Когда все, раздевшись и оправившись с дороги, пришли к чаю, Марья Дмитриевна по порядку перецеловала всех.
– Душой рада, что приехали и что у меня остановились, – говорила она. – Давно пора, – сказала она, значительно взглянув на Наташу… – старик здесь и сына ждут со дня на день. Надо, надо с ним познакомиться. Ну да об этом после поговорим, – прибавила она, оглянув Соню взглядом, показывавшим, что она при ней не желает говорить об этом. – Теперь слушай, – обратилась она к графу, – завтра что же тебе надо? За кем пошлешь? Шиншина? – она загнула один палец; – плаксу Анну Михайловну? – два. Она здесь с сыном. Женится сын то! Потом Безухова чтоль? И он здесь с женой. Он от нее убежал, а она за ним прискакала. Он обедал у меня в середу. Ну, а их – она указала на барышень – завтра свожу к Иверской, а потом и к Обер Шельме заедем. Ведь, небось, всё новое делать будете? С меня не берите, нынче рукава, вот что! Намедни княжна Ирина Васильевна молодая ко мне приехала: страх глядеть, точно два боченка на руки надела. Ведь нынче, что день – новая мода. Да у тебя то у самого какие дела? – обратилась она строго к графу.
– Всё вдруг подошло, – отвечал граф. – Тряпки покупать, а тут еще покупатель на подмосковную и на дом. Уж ежели милость ваша будет, я времечко выберу, съезжу в Маринское на денек, вам девчат моих прикину.
– Хорошо, хорошо, у меня целы будут. У меня как в Опекунском совете. Я их и вывезу куда надо, и побраню, и поласкаю, – сказала Марья Дмитриевна, дотрогиваясь большой рукой до щеки любимицы и крестницы своей Наташи.

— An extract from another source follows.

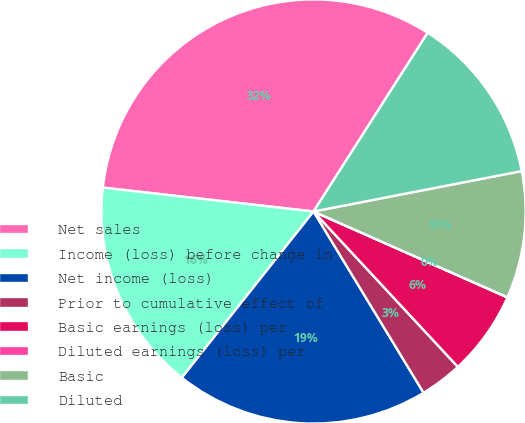<chart> <loc_0><loc_0><loc_500><loc_500><pie_chart><fcel>Net sales<fcel>Income (loss) before change in<fcel>Net income (loss)<fcel>Prior to cumulative effect of<fcel>Basic earnings (loss) per<fcel>Diluted earnings (loss) per<fcel>Basic<fcel>Diluted<nl><fcel>32.25%<fcel>16.13%<fcel>19.35%<fcel>3.23%<fcel>6.45%<fcel>0.01%<fcel>9.68%<fcel>12.9%<nl></chart> 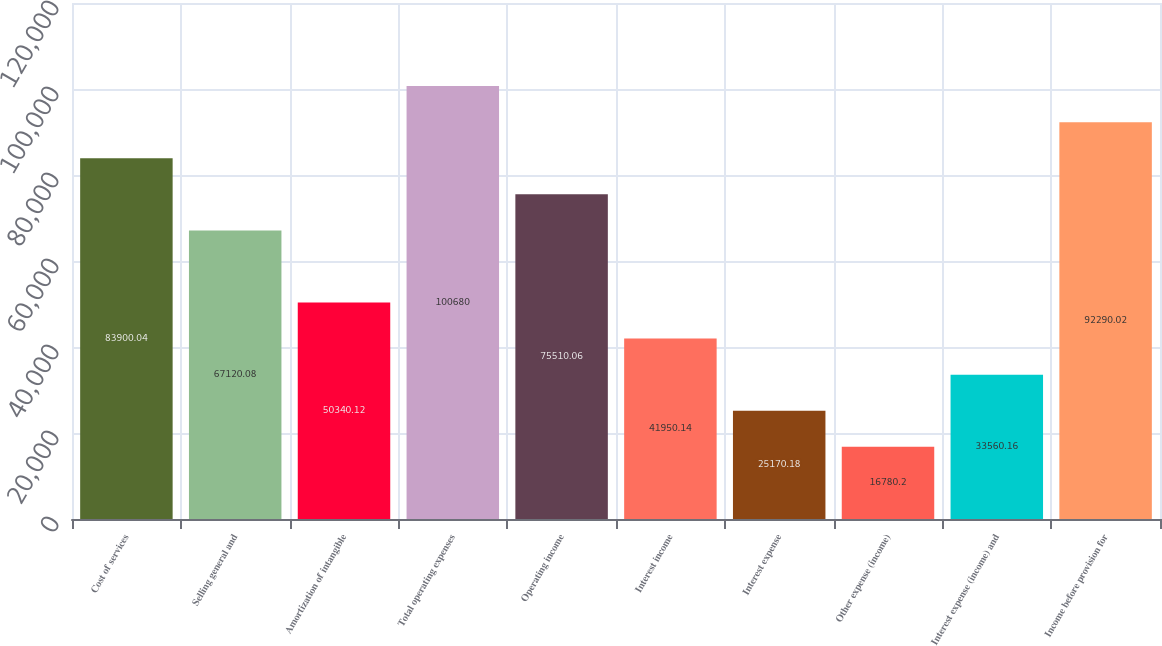Convert chart to OTSL. <chart><loc_0><loc_0><loc_500><loc_500><bar_chart><fcel>Cost of services<fcel>Selling general and<fcel>Amortization of intangible<fcel>Total operating expenses<fcel>Operating income<fcel>Interest income<fcel>Interest expense<fcel>Other expense (income)<fcel>Interest expense (income) and<fcel>Income before provision for<nl><fcel>83900<fcel>67120.1<fcel>50340.1<fcel>100680<fcel>75510.1<fcel>41950.1<fcel>25170.2<fcel>16780.2<fcel>33560.2<fcel>92290<nl></chart>

На другой день утром Марья Дмитриевна свозила барышень к Иверской и к m me Обер Шальме, которая так боялась Марьи Дмитриевны, что всегда в убыток уступала ей наряды, только бы поскорее выжить ее от себя. Марья Дмитриевна заказала почти всё приданое. Вернувшись она выгнала всех кроме Наташи из комнаты и подозвала свою любимицу к своему креслу.